Below is the ‘Tip of the Week’ transcript from the Podcast Ep46: The 3-year Wait is Over | SEC Vote on JOBS Act Title III (David S. Rose)
I wanted to take this weeks tip to talk about the implications of this ruling and how it may fit in with the existing funding landscape.
Let’s start off by looking at some elements, within startup fundraising that are directly correlated. This is not an exhaustive list and there will alwasys be outliers. But on average these items will move up and to the right. The higher one is, the higher the other is.
- Quality of Startup & Valuation
- Quality of Startup & Quality of Investors
- Amount of Traction & Valuation
- Quality of a Founder’s Network & Quality of Investors
- Amount of a Raise & Stage of the raise (ie. Seed, Series A, B, C, etc.)
- Due Diligence Required & Investor Sophistication
Based on these items, David’s opinion that this will serve as the new friends and family round has a lot of merit. If the investor group is passive, providing no value beyond their check, can only fund up to $1M per year for a startup and will be conducting no due diligence… it stands to reason that their participation will be very early, with limited or no traction,
lower true valuation and maybe even lower quality. If a founder can raise from value-added investors, they will. If they can’t, this may serve a a last resort for obtaining capital.

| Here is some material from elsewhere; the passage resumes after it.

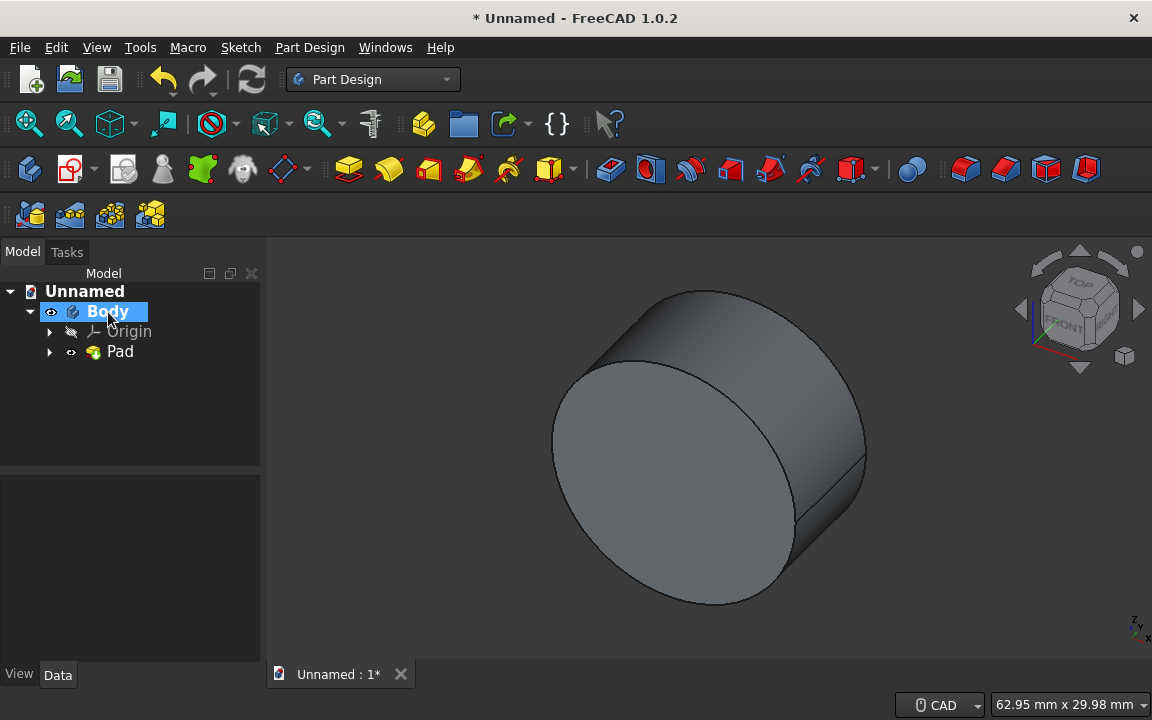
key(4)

Additionally, it’s reasonable to expect that the profile of unaccredited investors will be similar to those that are currently active on donation-based crowdfunding platforms like Kickstarter. If we take a moment to look at the types of campaigns that are successful amongst these contributors, they include products, services or businesses that are:
- Very easy to understanding for a layman and
- The Startup is consumer and/or entertainment oriented
In fact the types of projects that get funded most often and at the highest amounts on Kickstarter include: film and video, publishing, games, art and design.

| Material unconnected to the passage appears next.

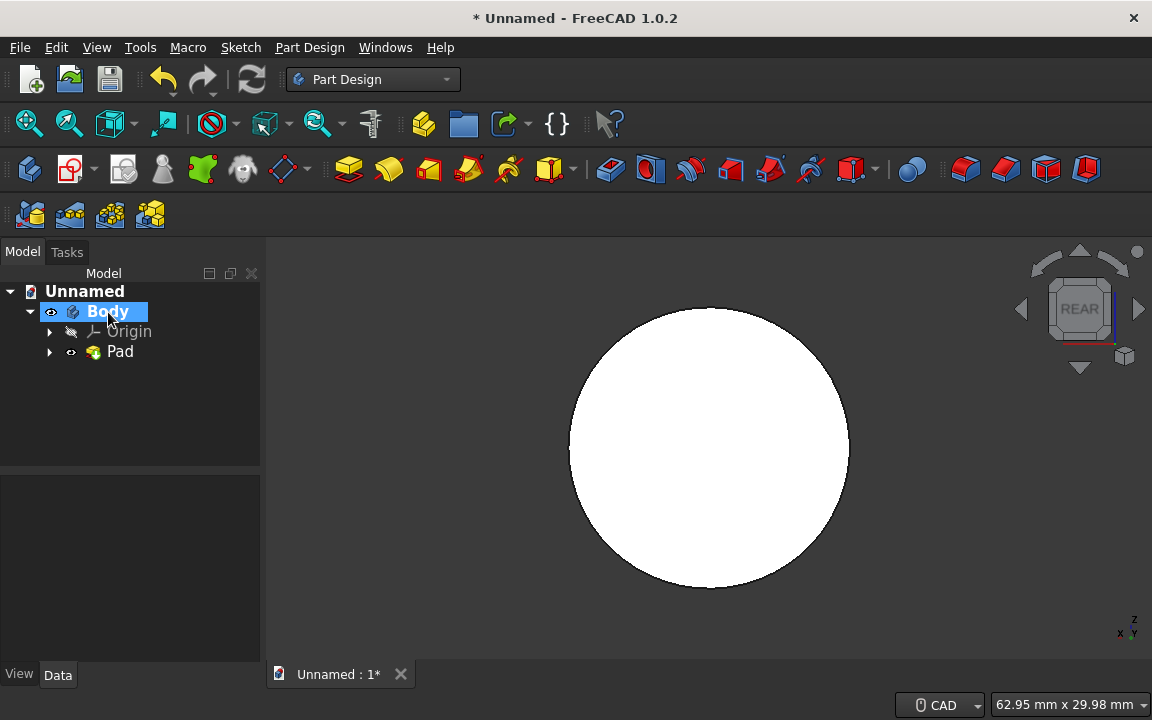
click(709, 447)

It’s hard to imagine a B2B company disrupting the industrial logistics space, for example, would play very well amongst the crowd.
One significant benefit that I can see coming out of this, has to do w/ standardization of docs and terms. Many in the angel and VC space have attempted to standardize early-stage investment docs, but we still have priced-rounds, convertibles, SAFEs and warrants… each with many permutations. I will be very pleased if an outcome of this ruling includes standardization of terms at very-early stages. Even if there were a few varieties, this would help tremendously w/ speed and transparency.
The final point I’d like to touch on has to do w/ our discussion on setting price. David pointed out today that this will be a one-sided negotiation, which is really not a negotiation at all. Founders will set price and the crowd takes it or leaves it. I can’t really imagine a steady-state fundraising environment where this persists. And the only thing I can think of that will address this is if reputable, credible ecosystem players become involved to vett the deal and set terms. I’d assume that unaccredited investors would be much more likely to fund deals that are organized and approved by someone they think they can trust. This emergence of the Gatekeeper, would create an opportunity for celebrity investors, organizations, or maybe even the funding platforms their selves, to vett, lead and organize these deals. Will the common unaccredited investor know who Paul Graham is? Probbly not. But, I guarantee you they know Mark Cuban. And I’m not suggesting that Mark will do this, just that there is an opportunity for credible corporate or personal brands to rally large crowds around an idea. And on that note, you may even see celebrity founders, funding their startups via this method… if nothing else, but to make a statement about crowdfunding.
That’ll wrap things up today on this special installment of TFR covering the Title III ruling. Thanks for joining us and remember to overprepare, choose carefully and invest confidently.